◆ **Task item**
The answer must consist of each line below that contains the string "roll".

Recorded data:
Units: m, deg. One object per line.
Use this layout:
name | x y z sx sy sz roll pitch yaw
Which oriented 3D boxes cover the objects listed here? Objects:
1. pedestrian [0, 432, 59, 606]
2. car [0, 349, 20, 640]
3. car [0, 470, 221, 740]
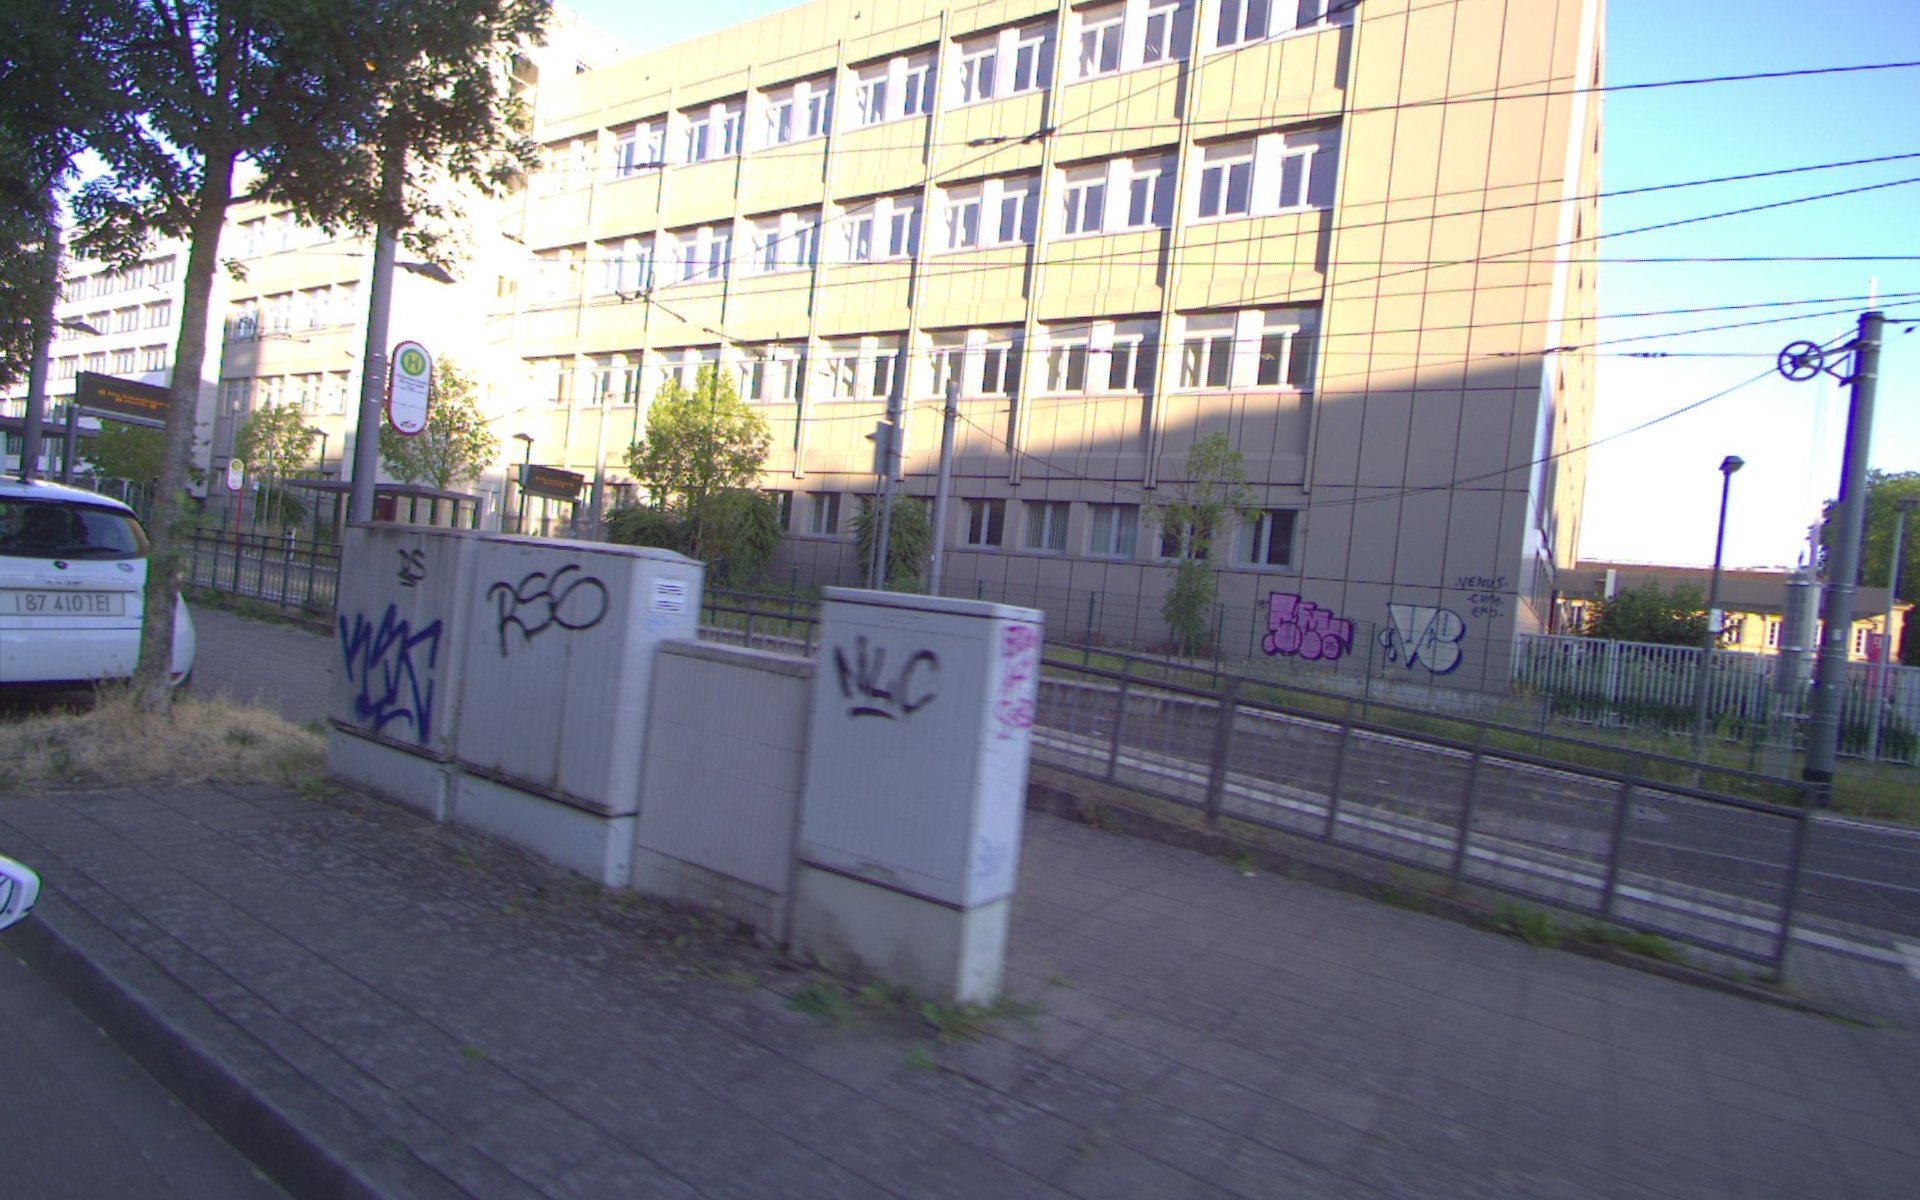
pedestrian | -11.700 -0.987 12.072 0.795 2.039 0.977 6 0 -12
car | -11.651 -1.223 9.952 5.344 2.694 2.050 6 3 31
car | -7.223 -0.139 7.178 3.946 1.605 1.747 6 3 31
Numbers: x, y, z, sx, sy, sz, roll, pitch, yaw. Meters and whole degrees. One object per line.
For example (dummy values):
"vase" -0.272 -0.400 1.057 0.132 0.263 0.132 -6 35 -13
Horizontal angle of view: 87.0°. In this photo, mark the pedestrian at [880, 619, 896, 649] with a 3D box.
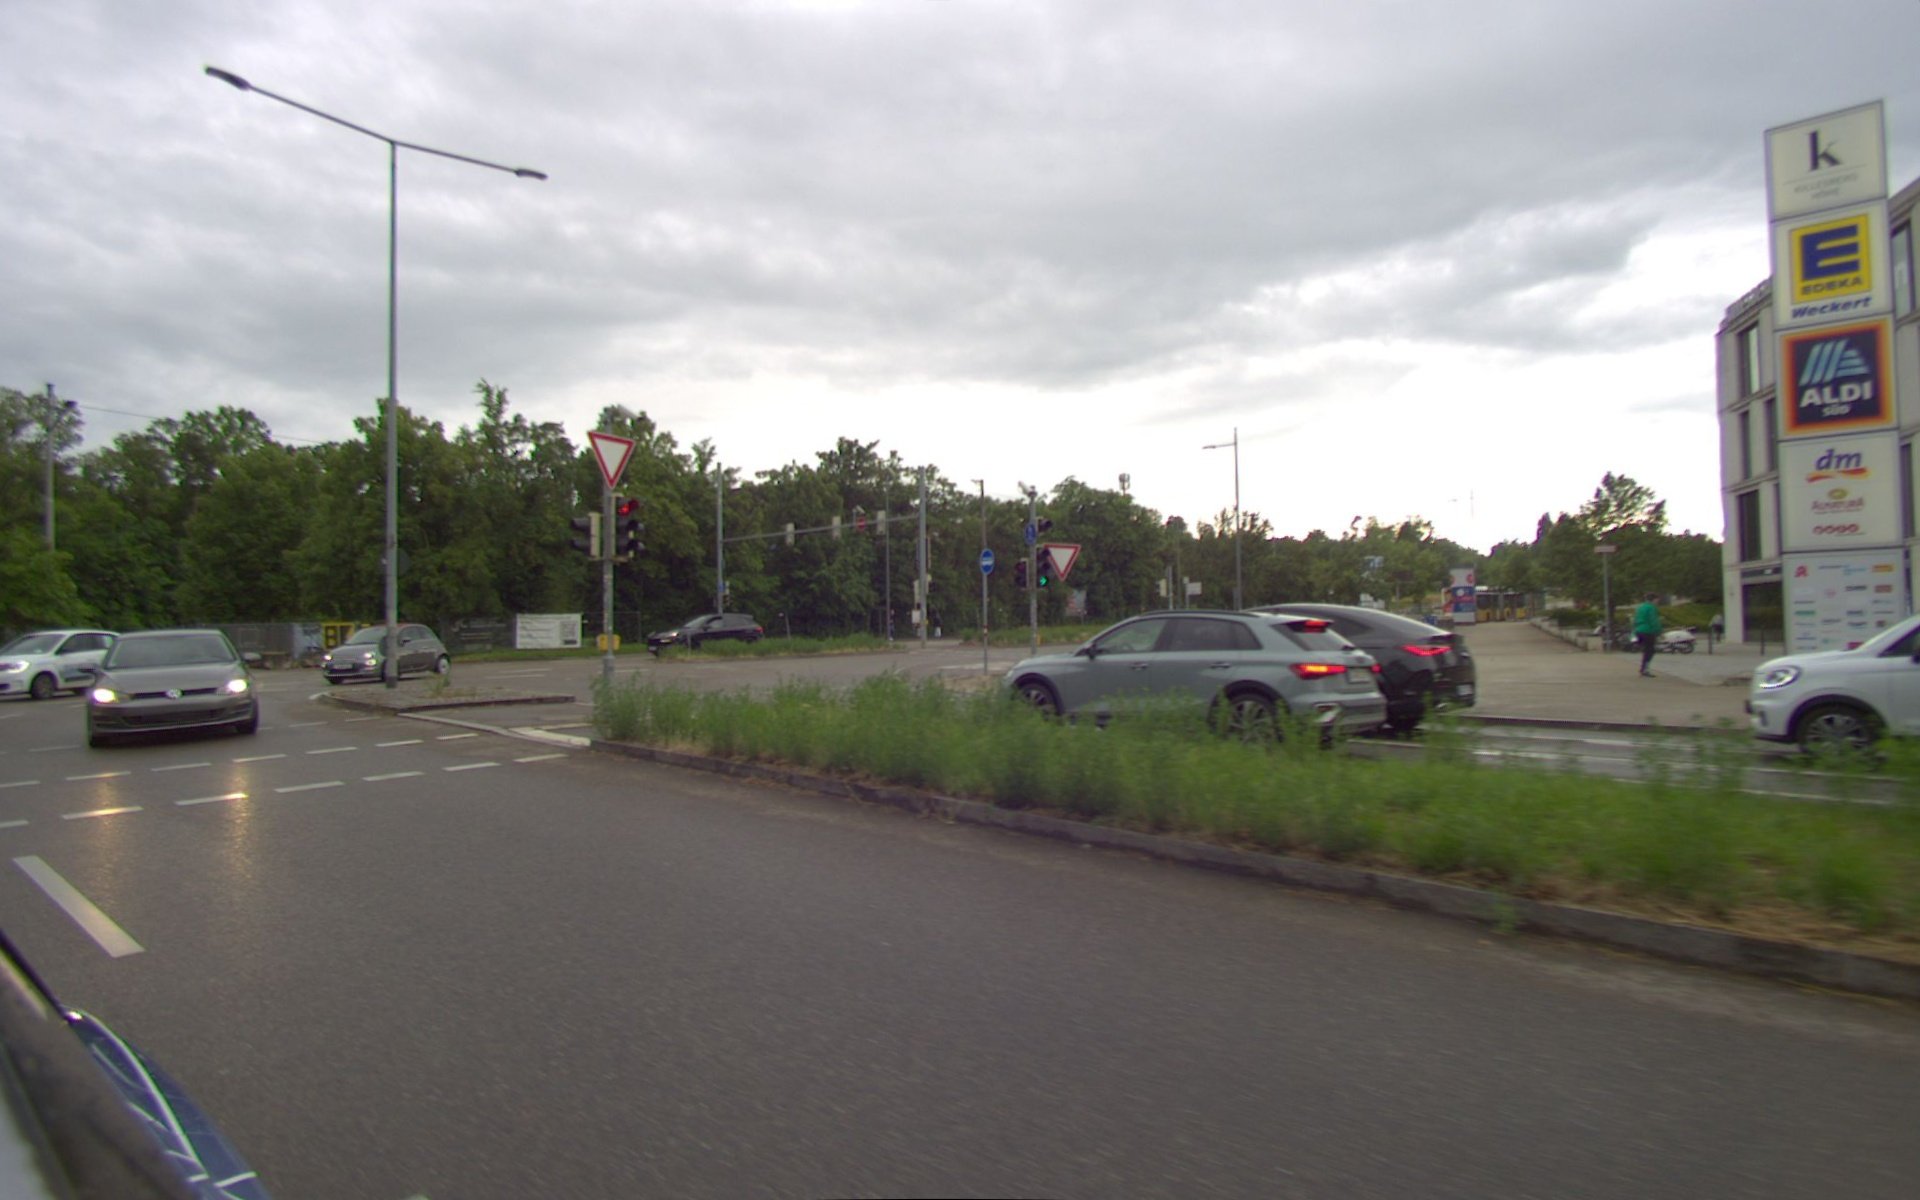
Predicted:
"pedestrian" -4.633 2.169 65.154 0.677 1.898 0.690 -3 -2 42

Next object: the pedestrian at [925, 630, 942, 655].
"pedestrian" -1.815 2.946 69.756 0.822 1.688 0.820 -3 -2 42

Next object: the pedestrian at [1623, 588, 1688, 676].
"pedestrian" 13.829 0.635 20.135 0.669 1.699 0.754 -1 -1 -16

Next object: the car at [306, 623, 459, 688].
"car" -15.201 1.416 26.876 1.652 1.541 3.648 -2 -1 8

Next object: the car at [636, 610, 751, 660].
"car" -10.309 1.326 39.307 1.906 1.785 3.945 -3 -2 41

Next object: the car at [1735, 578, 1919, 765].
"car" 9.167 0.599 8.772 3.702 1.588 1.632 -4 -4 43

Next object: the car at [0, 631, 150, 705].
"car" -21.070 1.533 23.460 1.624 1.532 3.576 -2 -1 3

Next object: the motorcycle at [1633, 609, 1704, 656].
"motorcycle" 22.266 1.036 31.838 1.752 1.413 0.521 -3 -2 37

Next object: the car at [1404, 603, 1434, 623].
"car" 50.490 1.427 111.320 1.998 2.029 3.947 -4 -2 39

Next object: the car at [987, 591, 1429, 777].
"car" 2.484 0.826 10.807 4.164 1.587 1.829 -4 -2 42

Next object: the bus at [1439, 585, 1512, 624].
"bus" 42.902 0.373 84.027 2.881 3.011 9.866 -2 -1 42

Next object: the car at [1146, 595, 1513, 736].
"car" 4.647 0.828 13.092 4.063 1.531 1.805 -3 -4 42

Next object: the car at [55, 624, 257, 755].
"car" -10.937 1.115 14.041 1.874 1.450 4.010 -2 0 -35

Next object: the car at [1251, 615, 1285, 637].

◆ **Answer below**
name | x y z sx sy sz roll pitch yaw
Numbers: x, y, z, sx, sy, sz, roll, pitch, yaw. Meters and whole degrees. One object per line.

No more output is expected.